Die Alexander-Technik
Eine Körpertherapiemethode für mehr Energie und positive Emotionen
Beneiden Sie auch manchmal Menschen, die schier unerschöpfliche Energien haben, geschickt und scheinbar mühelos die schwierigsten Aufgaben bewältigen, den ganzen Tag munter sind und dann nachts auch noch gut schlafen können? Das können Sie lernen – mit Hilfe der Alexander-Technik.
Die Körperhaltung beeinflusst Emotionen
Die Alexander-Technik ist eine Körpertherapiemethode, die der Schulung der körperlichen Haltung und Bewegung dient. Sie befähigt den Menschen, seine Haltungsund Bewegungsgewohnheiten zu optimieren und dysfunktionale Gewohnheiten abzulegen. Diese Technik soll gleichzeitig das psychische Gleichgewicht stabilisieren, wodurch sich positive Auswirkungen auf die Emotionen ergeben, da diese eng an die Körperhaltung gekoppelt sind.
Die Alexander-Technik ist eine Körperschule, die eine verfeinerte Körpereigenwahrnehmung und Koordination der Bewegungen sowie Entspannung in Haltung und Bewegung lehrt. Sie zielt darauf ab, innezuhalten (Inhibition), den eigenen Körper bewusster wahrzunehmen, und diese Bewusstheit über den eigenen Körper durch gedankliche, gezielte Selbstanweisungen (Directions) zu steuern, um schließlich die Koordination der verschiedenen Körperteile untereinander zu harmonisieren, Stress zu reduzieren und das allgemeine Wohlbefinden zu steigern.

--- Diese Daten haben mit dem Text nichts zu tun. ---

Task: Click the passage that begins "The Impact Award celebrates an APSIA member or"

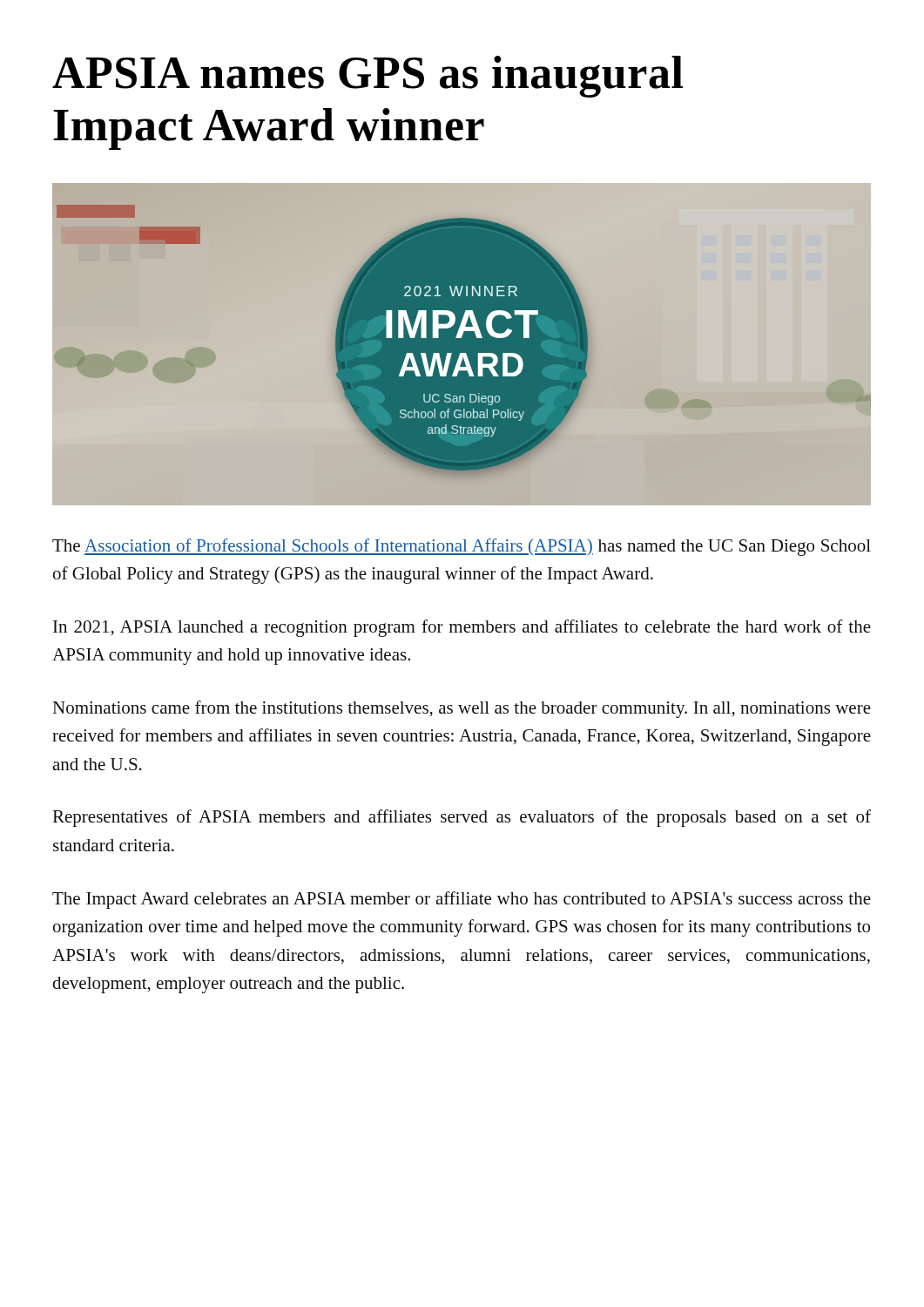Action: click(462, 941)
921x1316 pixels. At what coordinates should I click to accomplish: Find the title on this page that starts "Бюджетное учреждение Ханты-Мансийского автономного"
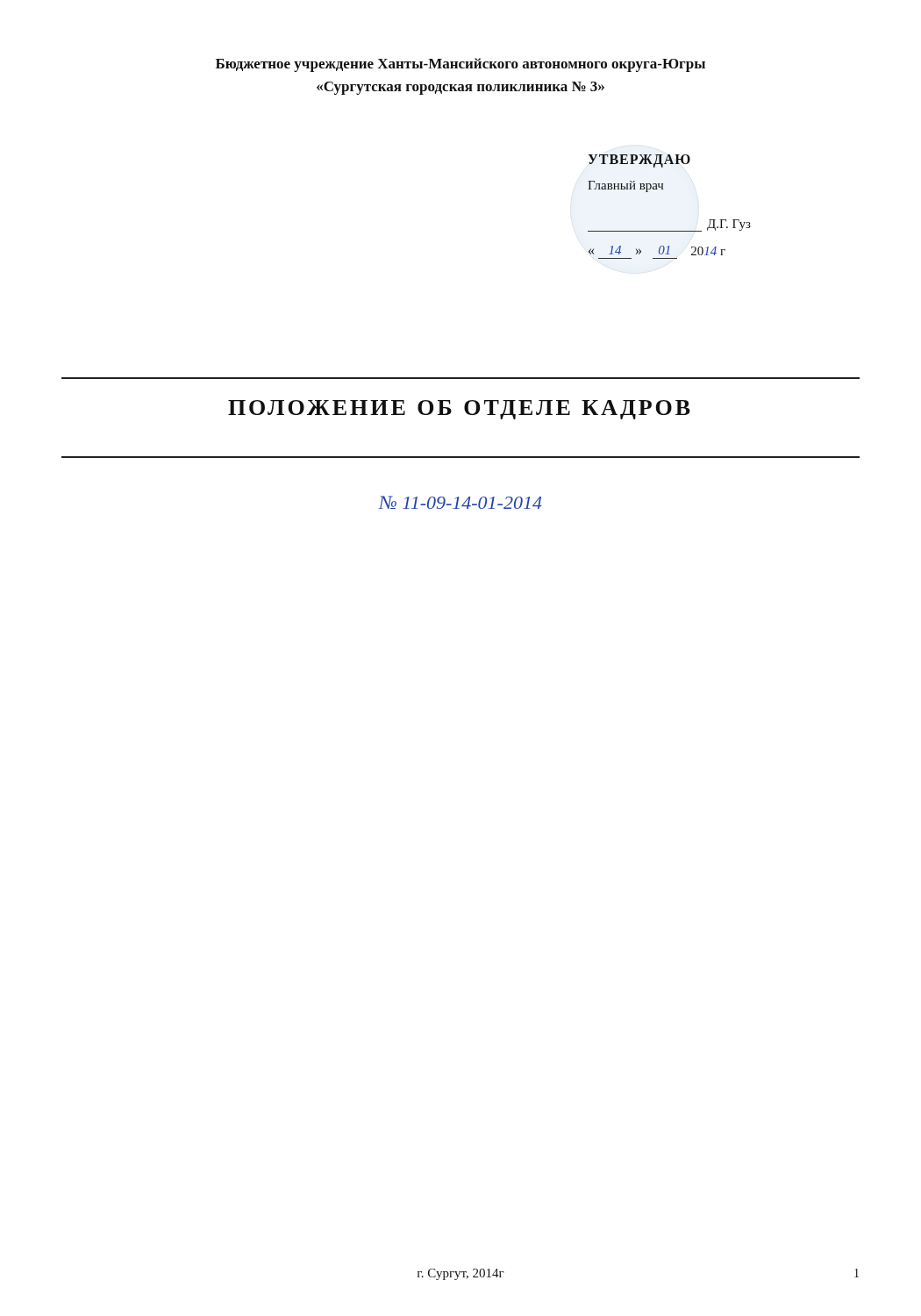[460, 75]

Zentraler Gedanke ist es, sich aus dem Teufelskreis ungünstiger Gewohnheiten zu lösen und diese durch Bewusstheit zu ersetzen. Alexander formulierte es so: „Wenn ihr aufhört, das Falsche zu tun, geschieht das Richtige von selbst.“ Besonderes Augenmerk legte Alexander auf das Verhältnis des Kopfes zum Hals. Nach seiner Lehre soll der Kopf frei und ohne größere muskuläre Anstrengung völlig natürlich auf dem Hals balancieren. Diese Balance nannte er „Primärsteuerung“, da sie einen positiven Einfluss auf die Bewegung und Koordination des gesamten Körpers sowie auf die psychische Verfassung habe. Eine in der Alexander-Technik verwendete gedankliche Selbstanweisung lautet z.B.: „Lass den Hals frei, sodass sich der Kopf nach vorn und oben orientieren und sich der Rücken längen und weiten kann.“
Mit der Alexander-Technik lernt man also, willentlich seine Bewegungsabläufe und die Körperhaltung zu verbessern und damit die Gesundheit zu fördern.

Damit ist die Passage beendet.